Schwarzenegger Declares Fiscal Emergency and DHMC Not Listening to Complaints

CAL/AAEM News Service calaaem.news.service1 at gmail.com
Thu Dec 16 13:04:22 PST 2010



December 7, 2010
Schwarzenegger Declares Fiscal Emergency, Unveils Deficit Fix

California Healthline

On Monday, Gov. Arnold Schwarzenegger (R) declared a fiscal emergency  
on the first day of a special legislative session to address  
California's estimated $6 billion budget shortfall for the current  
fiscal year, the Sacramento Bee reports
(Yamamura, Sacramento Bee, 12/7).

Schwarzenegger also released a new proposal designed to reduce the  
state's
deficit by about $9.9 billion over the next 18 months. The plan aims  
to decrease
the current fiscal year's shortfall by $1.9 billion and reduce next  
fiscal
year's estimated deficit by nearly $8 billion (Miller, Riverside Press- 
Enterprise, 12/6).

If California lawmakers fail to take action on the budget, the state  
deficit is
expected to reach $25.4 billion by the end of the 2011-2012 fiscal year
(Buchanan, San Francisco Chronicle, 12/7).

Health Care Cuts Included in Governor's Plan

Schwarzenegger's new budget plan calls for $7.4 billion in spending  
reductions,
primarily targeting health and human services programs. The proposal  
also would generate $2.5 billion through funding changes and other  
revenue. The governor's budget plan would cut funding from Healthy  
Families, California's
Children's Health Insurance Program, by:

	* Increasing monthly premiums to reduce spending by $31.2 million;
	* Eliminating vision coverage to reduce spending by $13.6 million; and
	* Raising copayments for emergency department visits to reduce  
spending 	by $6.8 million.

Schwarzenegger's proposal also would cut nearly $984 million in  
spending on
Medi-Cal, California's Medicaid program, by:

	* Capping payment on hearing aids and other medical equipment;
	* Limiting prescriptions to six per month, except in certain cases;
	* Restricting physician visits to 10 annually;
	* Imposing new copayments for physician visits, ED visits and  
hospital 		stays;
	* Eliminating Medi-Cal coverage for newly qualified immigrants; and
	* Ending optional adult day health care benefits.

Schwarzenegger's plan also aims to reduce state spending by $1.4  
billion by
eliminating CalWORKS, California's welfare-to-work program, effective  
July 1,
2011 (AP/San Jose Mercury News, 12/6).

Legislators Unlikely To Act on Proposal

Schwarzenegger declared the fiscal emergency and released his new budget
proposal on the same day that the newly elected class of legislators  
were sworn
in. Lawmakers are required to take action on budget proposals within  
45 days of the declaration of a fiscal emergency.

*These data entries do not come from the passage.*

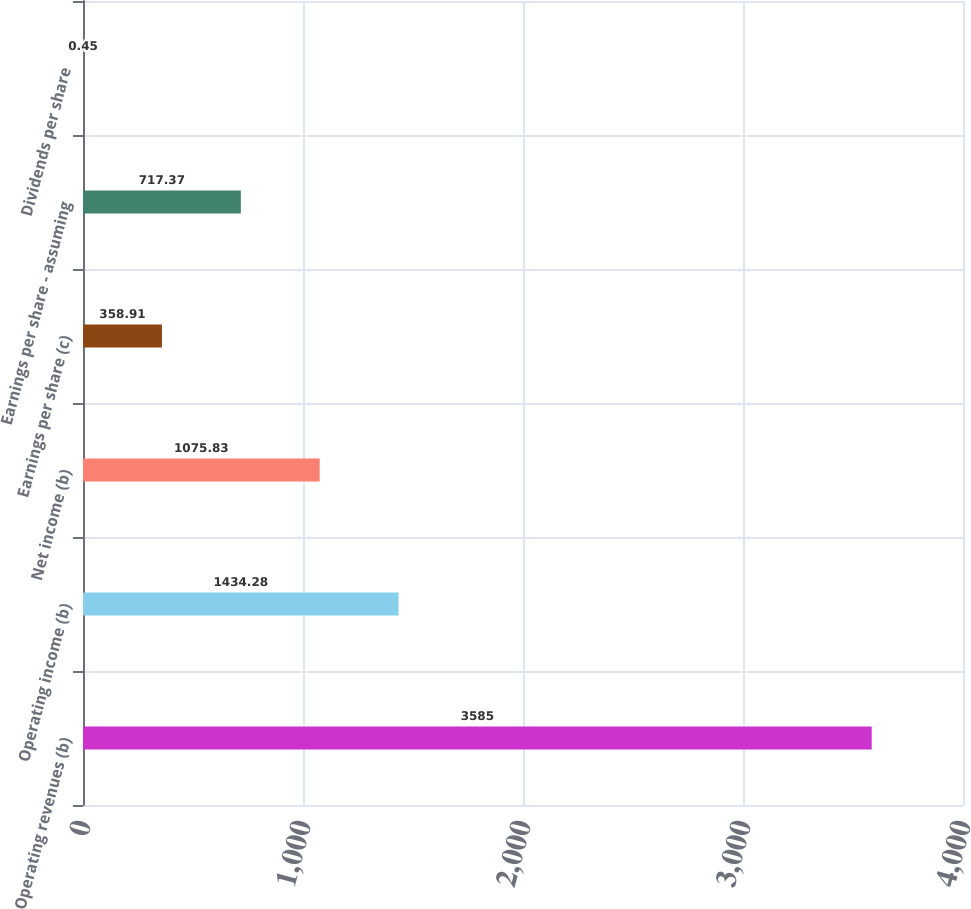Convert chart. <chart><loc_0><loc_0><loc_500><loc_500><bar_chart><fcel>Operating revenues (b)<fcel>Operating income (b)<fcel>Net income (b)<fcel>Earnings per share (c)<fcel>Earnings per share - assuming<fcel>Dividends per share<nl><fcel>3585<fcel>1434.28<fcel>1075.83<fcel>358.91<fcel>717.37<fcel>0.45<nl></chart> 
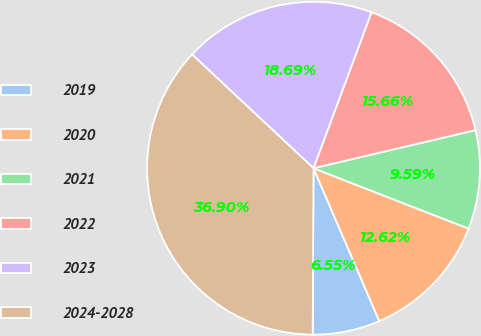Convert chart. <chart><loc_0><loc_0><loc_500><loc_500><pie_chart><fcel>2019<fcel>2020<fcel>2021<fcel>2022<fcel>2023<fcel>2024-2028<nl><fcel>6.55%<fcel>12.62%<fcel>9.59%<fcel>15.66%<fcel>18.69%<fcel>36.9%<nl></chart> 
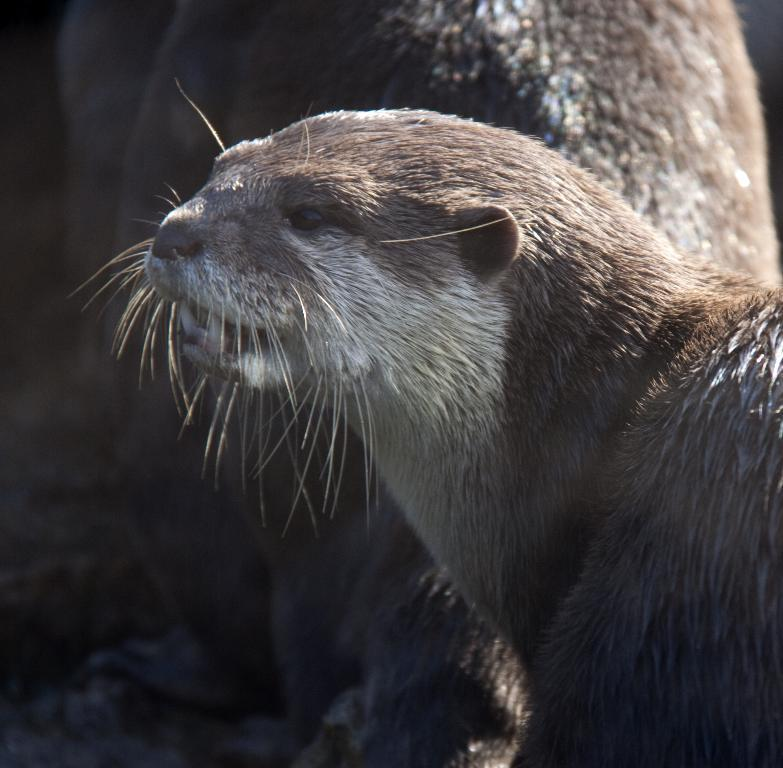What types of living organisms can be seen in the image? There are animals in the image. What is the surface on which the animals are situated? The ground is visible in the image. What type of drain can be seen in the image? There is no drain present in the image. How much salt is visible in the image? There is no salt present in the image. 
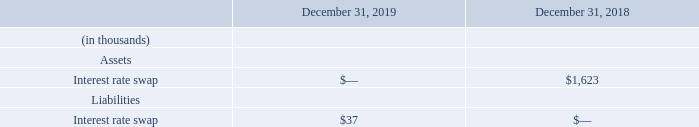6. Financial Instruments
The composition of financial instruments is as follows:
The fair values of the Company’s financial instrument is the amount that would be received in an asset sale or paid to transfer a liability in an orderly transaction between unaffiliated market participants and is recorded using a hierarchical disclosure framework based upon the level of subjectivity of the inputs used in measuring assets and liabilities. The levels are described below:
Level 1: Quoted prices (unadjusted) in active markets that are accessible at the measurement date for assets or liabilities. Level 2: Observable prices that are based on inputs not quoted on active markets, but corroborated by market data. Level 3: Unobservable inputs are used when little or no market data is available.
The Company classifies its financial instrument within Level 2 of the fair value hierarchy on the basis of models utilizing market observable inputs. The interest rate swap has been valued on the basis of valuations provided by third-party pricing services, as derived from standard valuation or pricing models. Market-based observable inputs for the interest rate swap include one month LIBOR-based yield curves over the term of the swap. The Company reviews third-party pricing provider models, key inputs and assumptions and understands the pricing processes at its third-party providers in determining the overall reasonableness of the fair value of its Level 2 financial instruments. The Company also considers the risk of nonperformance by assessing the swap counterparty's credit risk in the estimate of fair value of the interest rate swap. As of December 31, 2019 and 2018, the Company has not made any adjustments to the valuations obtained from its third party pricing providers.
How is the fair value of the company's financial instrument defined? The fair values of the company’s financial instrument is the amount that would be received in an asset sale or paid to transfer a liability in an orderly transaction between unaffiliated market participants and is recorded using a hierarchical disclosure framework based upon the level of subjectivity of the inputs used in measuring assets and liabilities. What was the interest rate swap in 2019 and 2018 respectively?
Answer scale should be: thousand. 0, 1,623. In which year was interest rate swap less than 1,000 thousands? Locate and analyze interest rate swap in row 4
answer: 2019. What was the change in the interest rate swap from 2018 to 2019?
Answer scale should be: thousand. 0 - 1,623
Answer: -1623. What was the average interest rate swap liabilities for 2018 and 2019?
Answer scale should be: thousand. (37 + 0) / 2
Answer: 18.5. What are the 3 levels of subjectivity? Level 1: quoted prices (unadjusted) in active markets that are accessible at the measurement date for assets or liabilities., level 2: observable prices that are based on inputs not quoted on active markets, but corroborated by market data, level 3: unobservable inputs are used when little or no market data is available. 
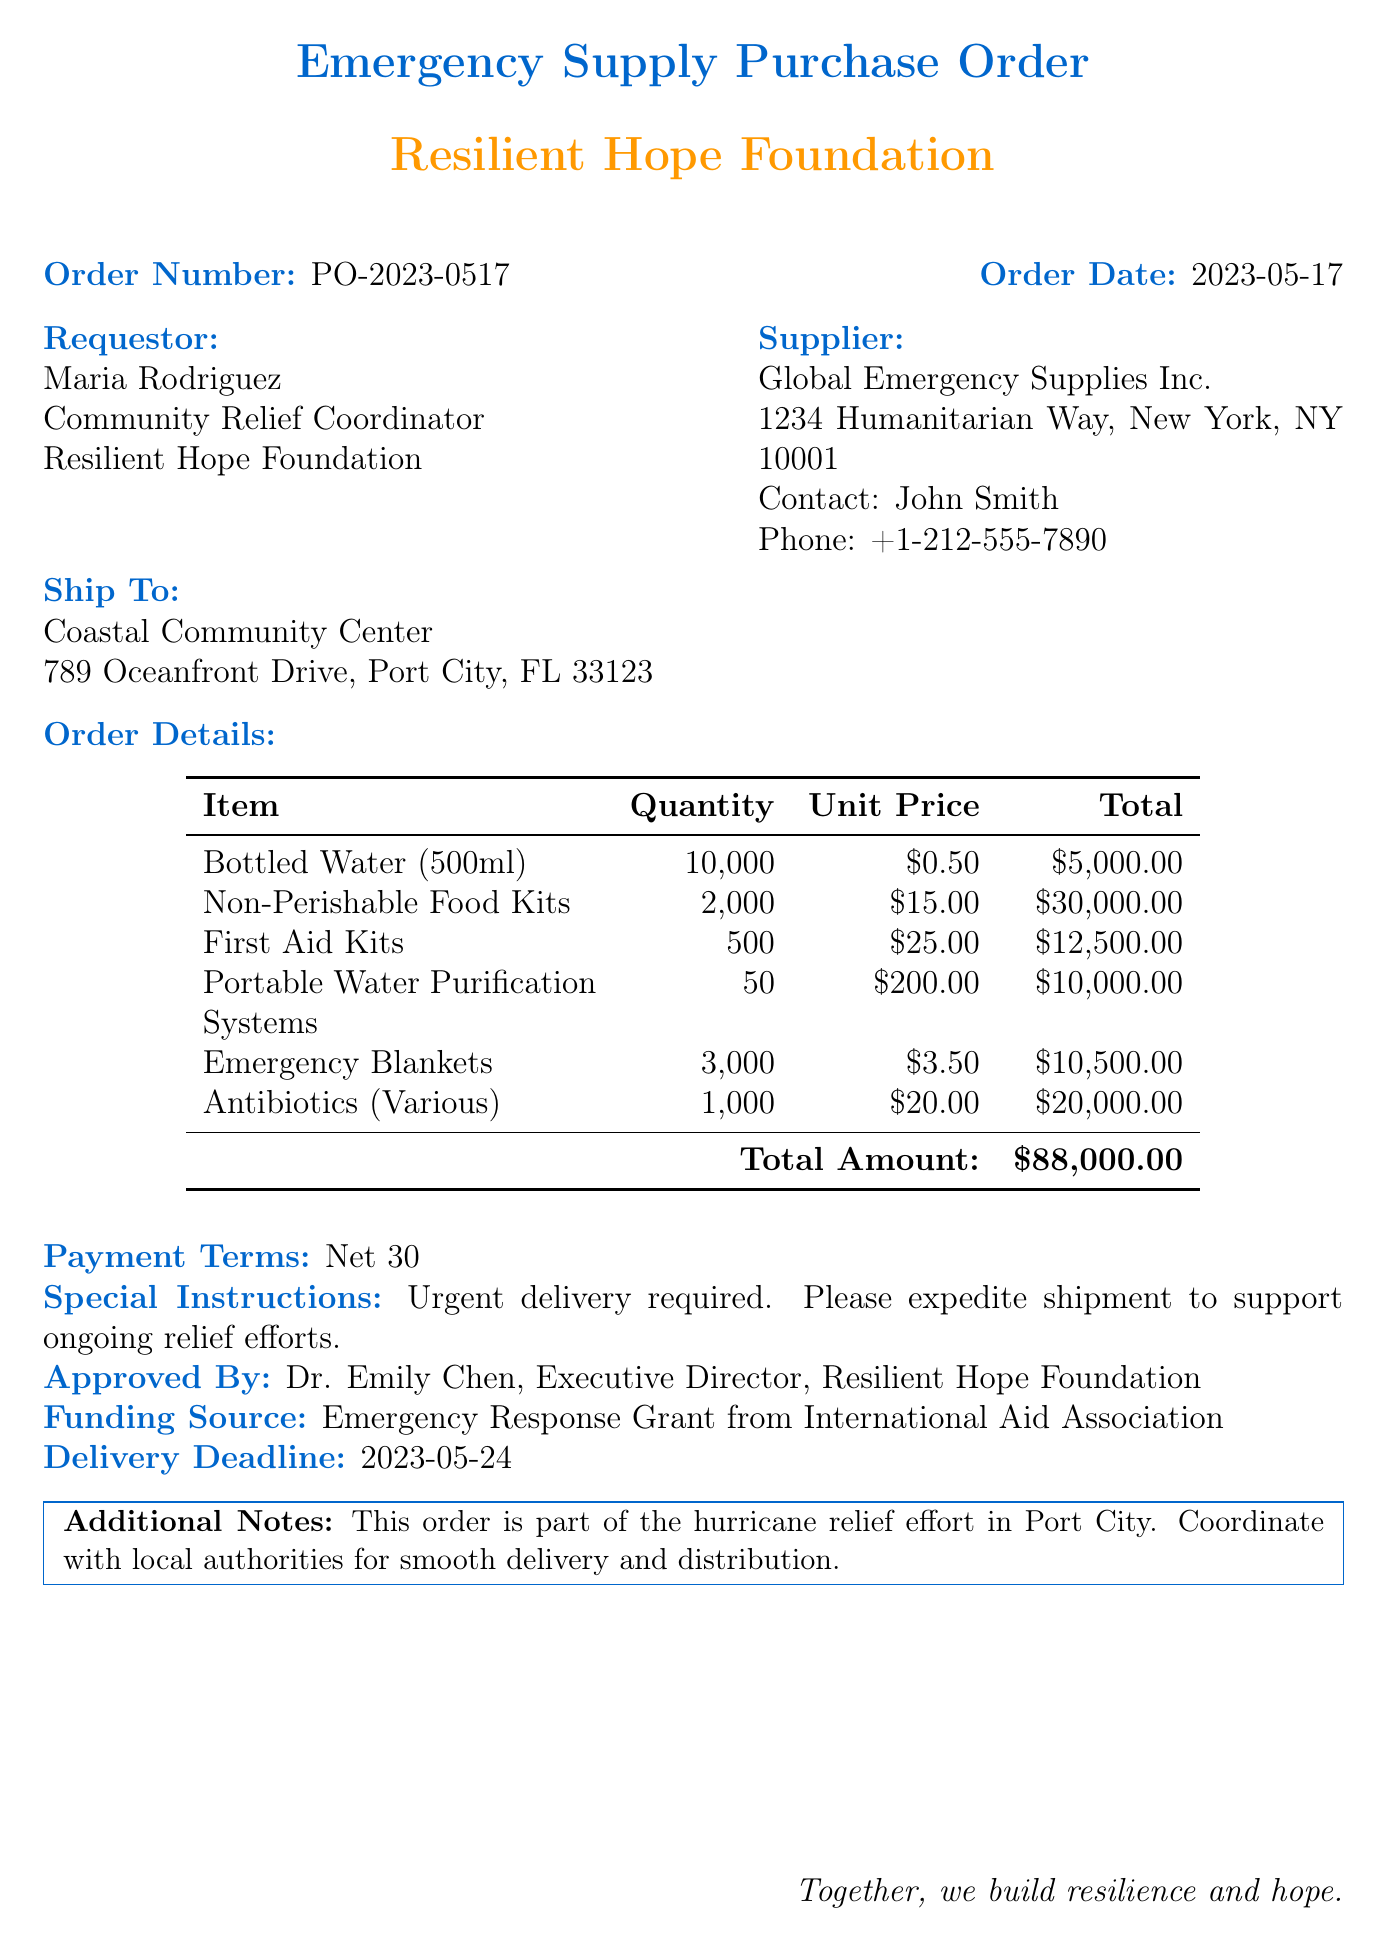What is the order number? The order number is explicitly stated in the document as part of the header information.
Answer: PO-2023-0517 Who is the requestor? The requestor's name is directly mentioned in the document under the requestor section.
Answer: Maria Rodriguez What is the total amount of the order? The total amount is calculated by summing the total prices of all items listed in the order details.
Answer: $88,000.00 What is the delivery deadline? The delivery deadline is specified in the document for timely delivery of the supplies.
Answer: 2023-05-24 How many first aid kits are ordered? The quantity of first aid kits is provided in the order details section, along with other items.
Answer: 500 What is the funding source? The funding source is clearly stated in the document to indicate where the funds are coming from.
Answer: Emergency Response Grant from International Aid Association What are the payment terms? The payment terms are mentioned in the document for the order's financial agreement.
Answer: Net 30 Which organization is the supplier? The supplier's organization name is given clearly in the supplier section of the document.
Answer: Global Emergency Supplies Inc What is the special instruction noted in the order? The special instructions provide specific requests regarding the urgency of the order and its shipment.
Answer: Urgent delivery required. Please expedite shipment to support ongoing relief efforts

However, many lawmakers are expected to hold off on budget  
negotiations until
Gov-elect. Jerry Brown (D) takes office, which will be about two weeks  
before
the end of the 45-day period.

Before Schwarzenegger publicly released his new budget plan, Assembly  
Speaker John Pérez (D- Los Angeles) recessed the Assembly and told  
them to return on Jan. 3, the day that Brown will be sworn in as  
governor (Herdt, Ventura County Star, 12/6). Senate President Pro  
Tempore Darrell Steinberg (D-Sacramento) also said he would prefer to  
work on a midyear budget correction with the new governor (Harmon,  
Contra Costa Times, 12/6).

Brown Gearing Up for Budget Work

A spokesperson for Brown declined to comment on Schwarzenegger's  
proposal (Woo, Wall Street Journal, 12/7).

Brown has invited state legislators and local government officials to  
attend a
Wednesday meeting on the state's budget challenges (Goldmacher, Los  
Angeles Times, 12/7). State law requires Brown to present his own  
spending plan by Jan. 10 (Ventura County Star, 12/6).



November 16, 2010
DMHC Not Listening to Complaints?
California Healthline

by David Gorn

What if you gave a legislative oversight hearing, and the object of  
that hearing didn't show up?
That was the case last week, when the Budget Subcommittee on Health  
and Human Services conducted an oversight hearing to deal with  
complaints about the Department of Managed Health Care. Emergency  
department officials, who feel they've been grossly and routinely  
underpaid by some insurance organizations, say the DMHC is supposed to  
adjudicate those conflicts, but has instead been ignoring them.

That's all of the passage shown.